* [Task objective]: Go through the records and give the number of lines that include "pixels", with nothing else.

* [Dataset excerpts]:

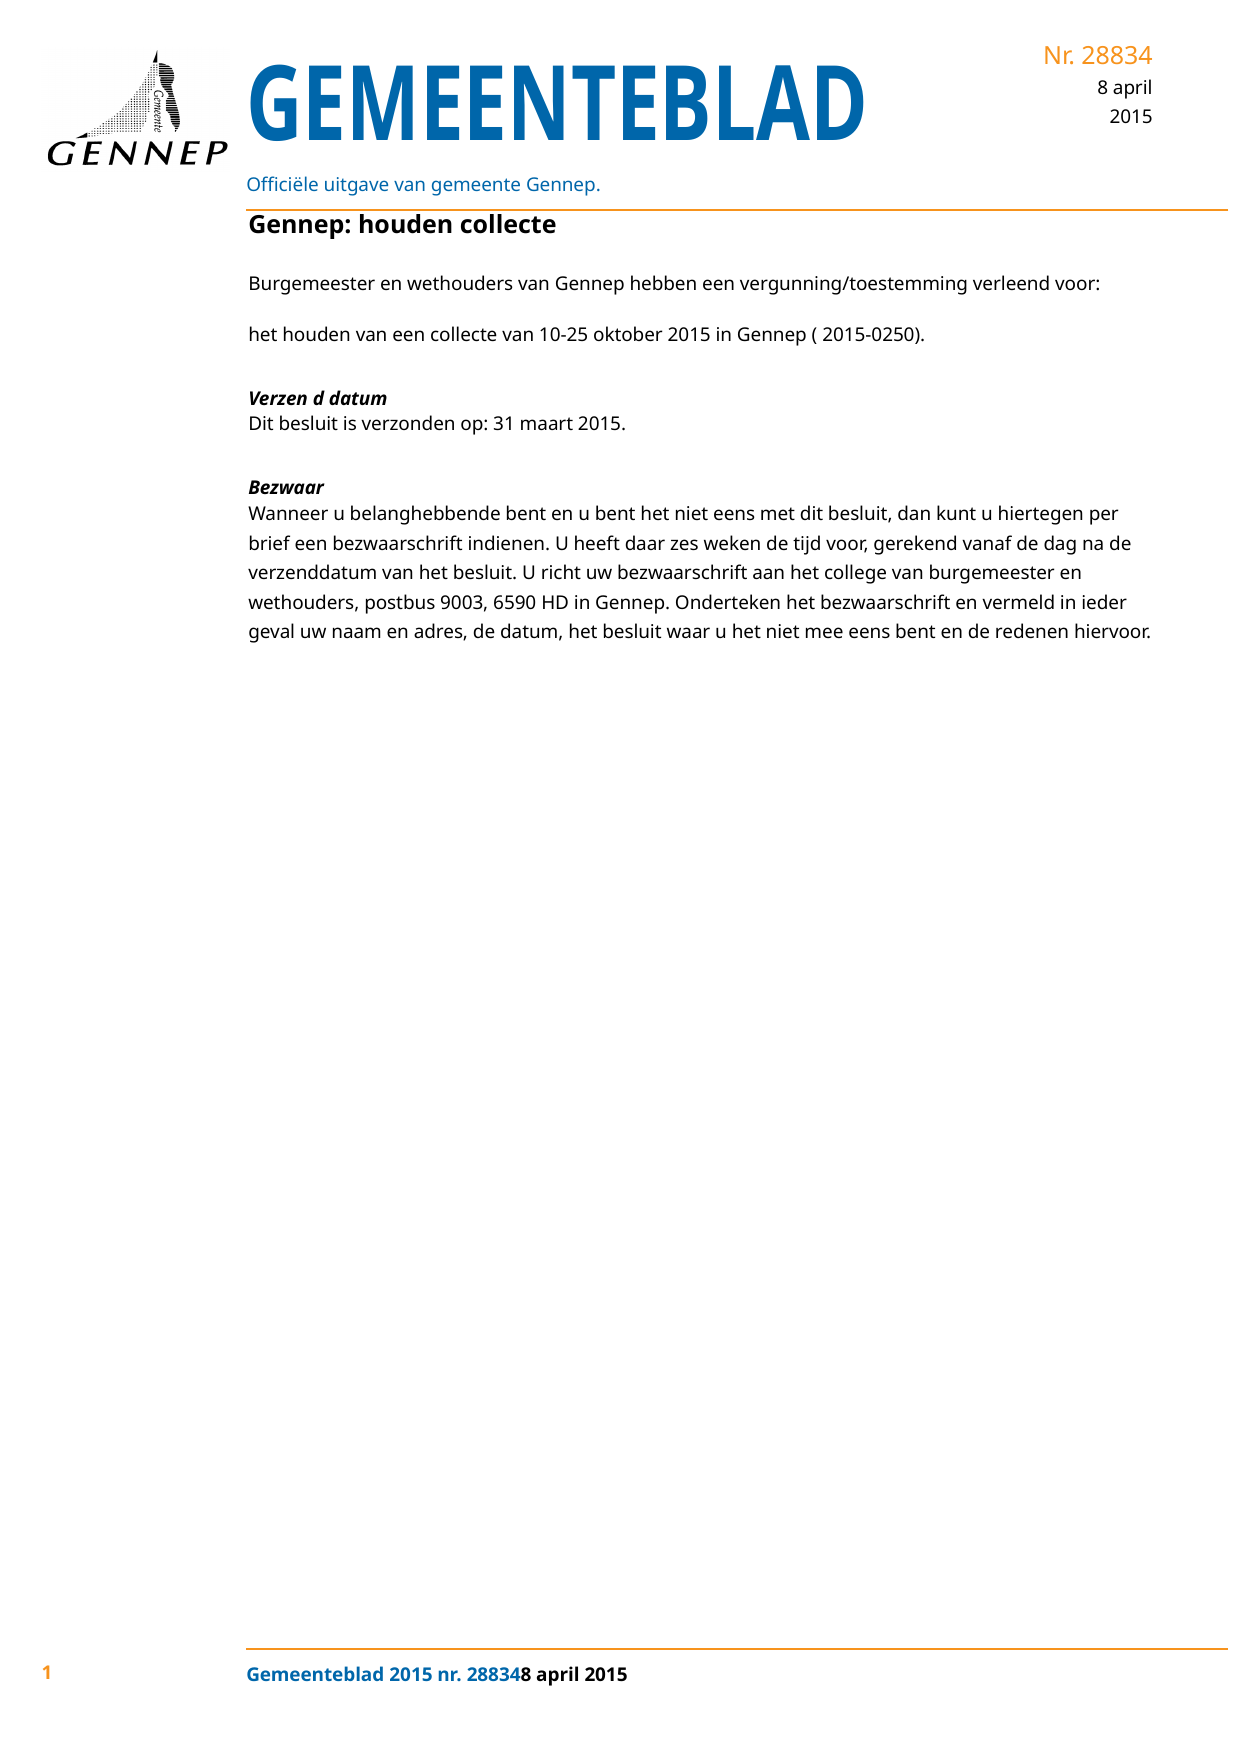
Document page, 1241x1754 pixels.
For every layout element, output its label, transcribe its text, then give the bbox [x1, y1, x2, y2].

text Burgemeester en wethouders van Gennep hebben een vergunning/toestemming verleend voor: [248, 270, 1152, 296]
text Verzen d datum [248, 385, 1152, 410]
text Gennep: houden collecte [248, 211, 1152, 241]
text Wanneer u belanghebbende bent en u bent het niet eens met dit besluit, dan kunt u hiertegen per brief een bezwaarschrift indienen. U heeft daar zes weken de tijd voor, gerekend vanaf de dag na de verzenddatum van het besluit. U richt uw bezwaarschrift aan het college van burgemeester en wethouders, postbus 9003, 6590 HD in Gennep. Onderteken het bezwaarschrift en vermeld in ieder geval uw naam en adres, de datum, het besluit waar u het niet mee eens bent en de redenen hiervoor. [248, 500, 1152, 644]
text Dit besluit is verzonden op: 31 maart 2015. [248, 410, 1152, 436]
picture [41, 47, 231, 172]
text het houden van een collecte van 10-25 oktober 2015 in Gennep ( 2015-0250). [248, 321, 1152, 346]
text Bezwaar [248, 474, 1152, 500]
* * *
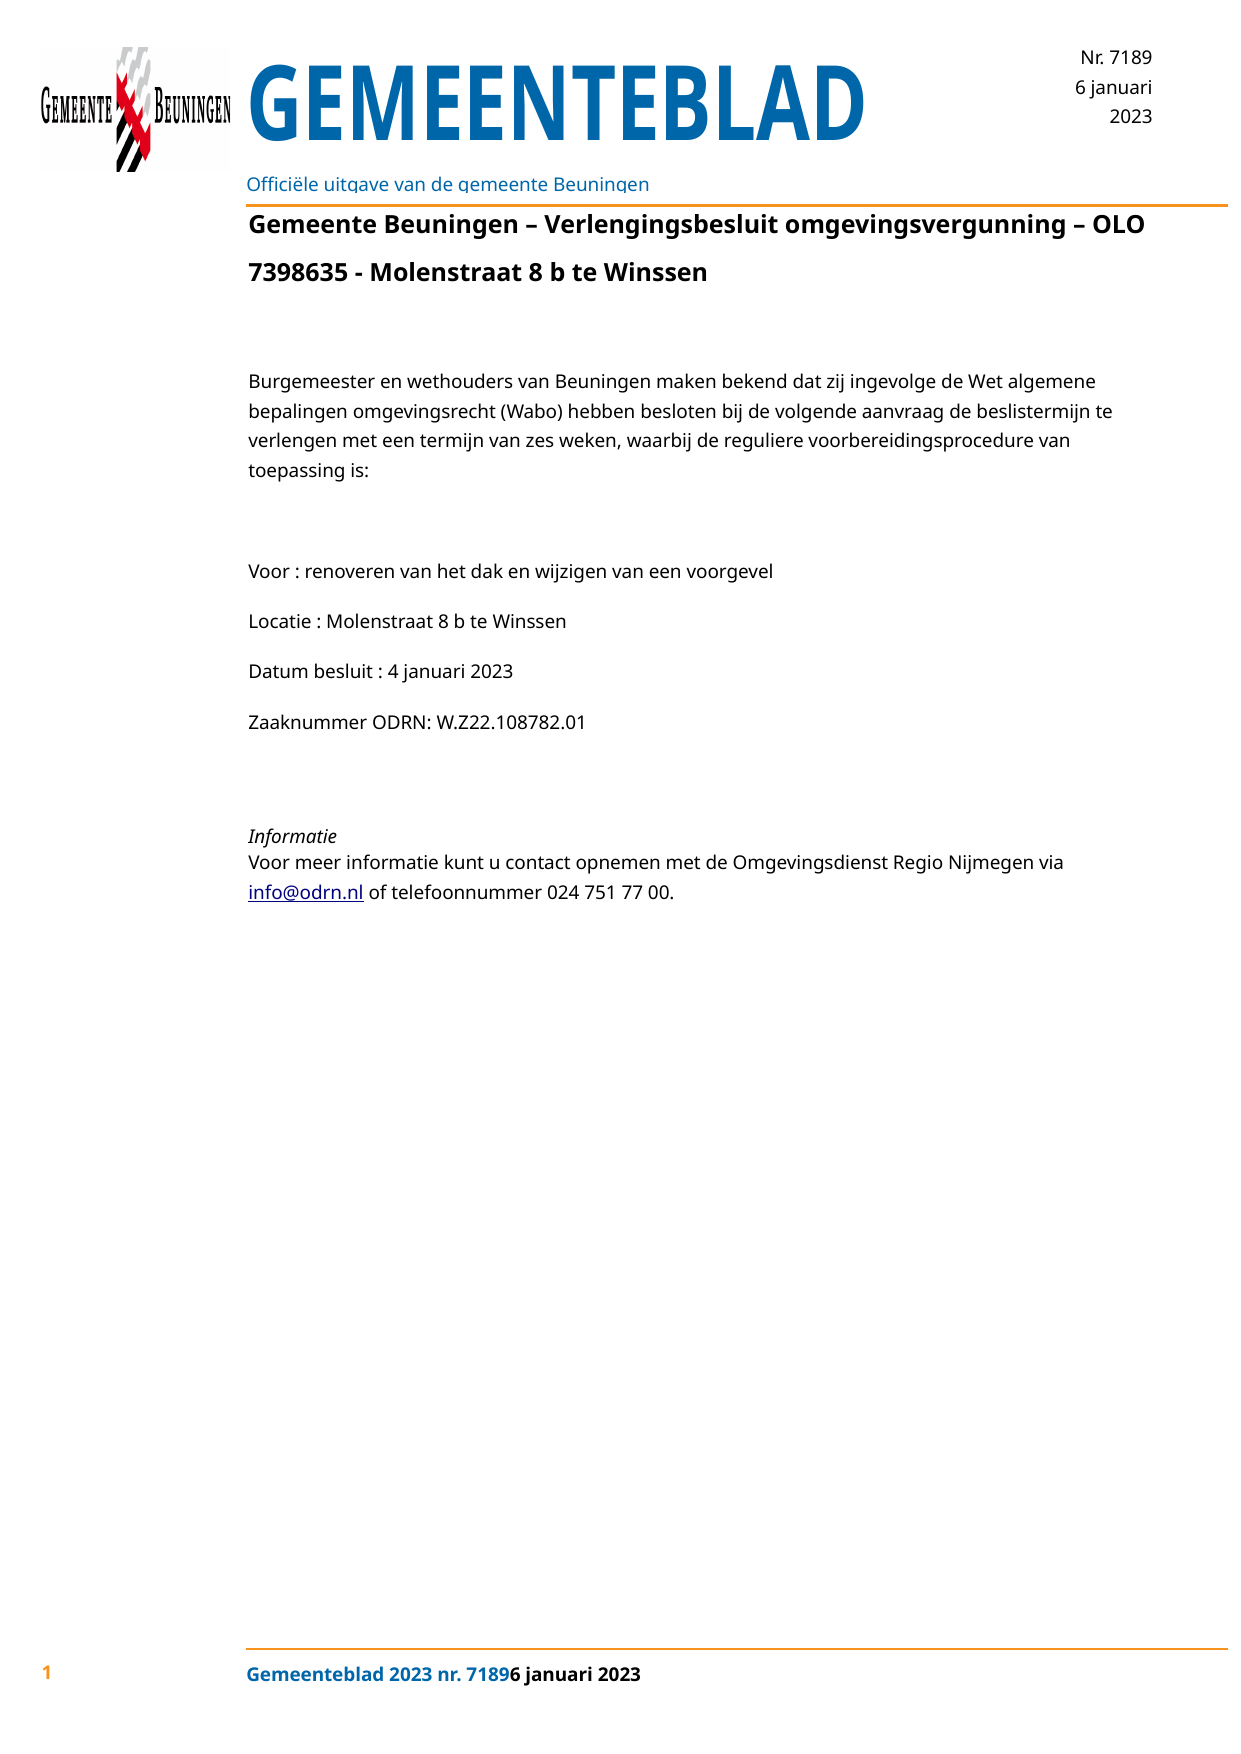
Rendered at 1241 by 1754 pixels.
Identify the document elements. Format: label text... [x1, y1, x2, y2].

* [Written solution]: 2